Don't worry daddy! I don't need no stinking pictures. I do have a shirt for you though next time I see you!


Call me later. I finally have a day off


----------



## Reel Time (Oct 6, 2009)

Mattsfishin said:


> I knew the POTLICKERS would give me a hard time. I guess I will ask that OLD man that looked like Sunbeam to tell ya'll how many whites I gave him. He was sitting on the bank fish in and I gave him 15 or so.

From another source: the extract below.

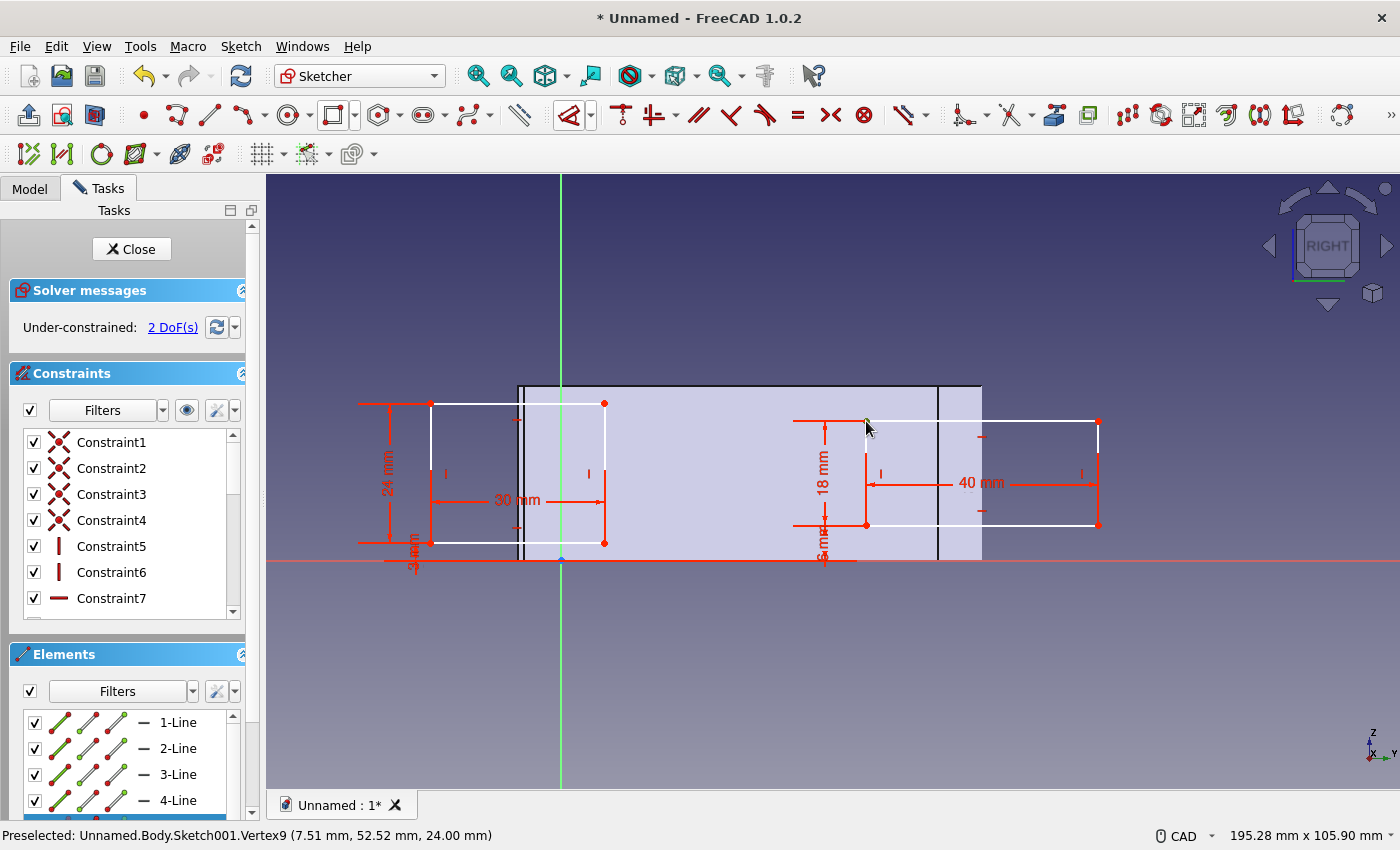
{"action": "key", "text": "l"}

Can't believe him either. You got him in your back pocket.:sarcasm1

J/K again!


----------



## FishNJeremy (Jan 1, 2012)

great report but you still know the rules.


----------



## Mattsfishin (Aug 23, 2009)

One day to the next this time of year will be chicken or feathers.. Went with Bad Luck Bob aka Bankin on it and second cast I had a good keeper but we had to struggle to get fish for supper. Caught a lot of throw backs.


----------



## Whitebassfisher (May 4, 2007)

Mattsfishin said:


> One day to the next this time of year will be chicken or feathers.. Went with Bad Luck Bob aka Bankin on it and second cast I had a good keeper but we had to struggle to get fish for supper. Caught a lot of throw backs.


Yes, no doubt about it, spawning whitebass fishermen started the term "You should have been here yesterday."


----------



## Bankin' On It (Feb 14, 2013)

Bananas I tell ya. You have bananas on that boat somewhere.

I should hire myself out for tourneys. Want a team to lose? Gimme a call. One stroll across their bow and they will have skunk on them for at least a week.


----------